More people than ever flocked to Canadian ice rinks in the 1950s, many of them inspired to take up figure skating after Barbara Ann Scott's historic Olympic gold medal win in 1948. 

Canada had many memorable champions during the decade, including World Champions Frances Dafoe and Norris Bowden, Barbara Wagner and Bob Paul and Donald Jackson. 

Today, we'll be learning a little more about a handful of Canadian Champions from the decade who are less remembered. Put on your poodle skirt or letter jacket, crank up the Dean Martin and join me for a trip down memory lane as we meet some very talented skaters that have been sadly overlooked.
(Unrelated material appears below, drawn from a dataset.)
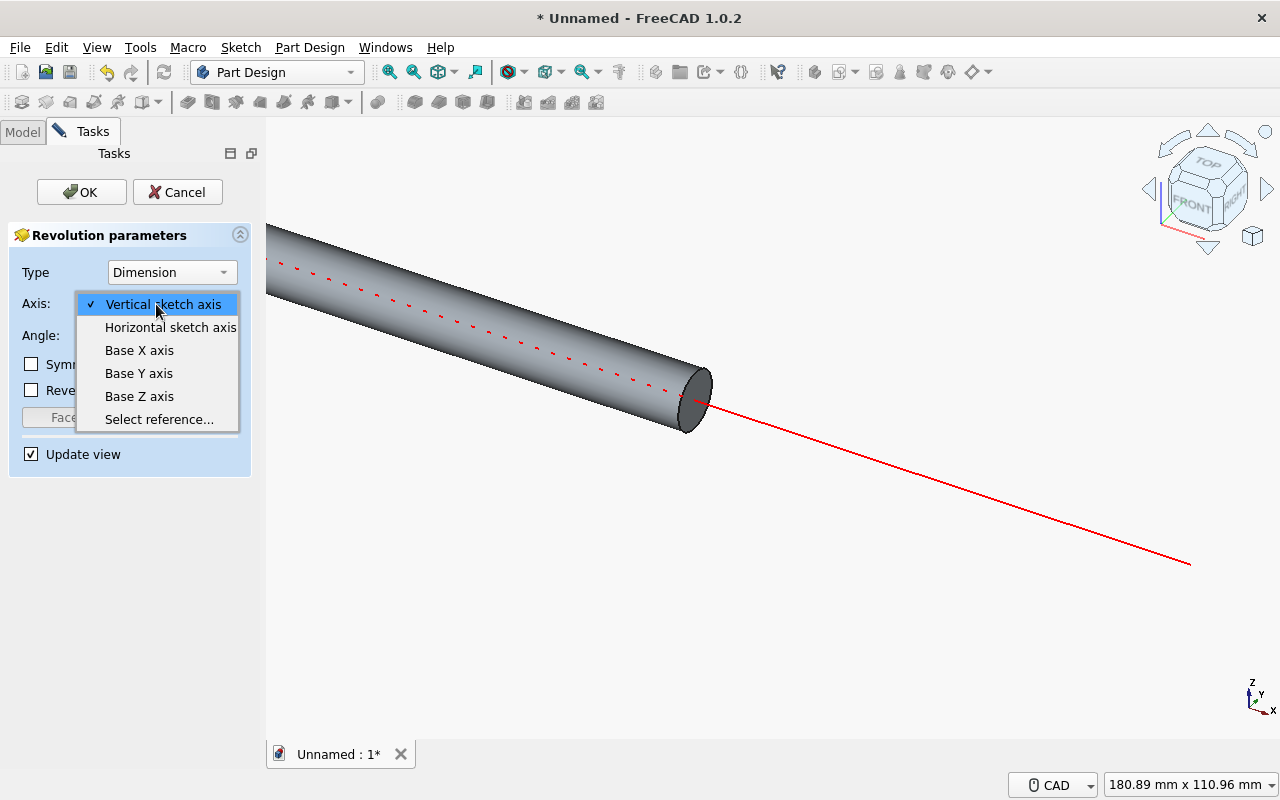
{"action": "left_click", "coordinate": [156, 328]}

FRANCES ABBOTT GUNN AND DAVID ROSS

Photo courtesy "Skating" magazine

The list of Canada's earliest ice dance champions reads as expected: Toronto Skating Club, Minto Skating Club... but a very small club of dancers from the Winnipeg Winter Club managed to weave their way into the record books. In 1938, Janet and Fraser Sweatman won the Canadian Waltz title. Four years later, Evelyn Rogers and George McCullough won the Tenstep. In 1951, Mary Rose Trimble and David Ross were the Tenstep winners. However, it wasn't until 1953, when David won with Frances (Abbott) Gunn, that a team from west of Ontario won the Canadian senior dance title. They retired in 1954 after winning the Silver Dance and Waltz events at the Western Canadian Championships.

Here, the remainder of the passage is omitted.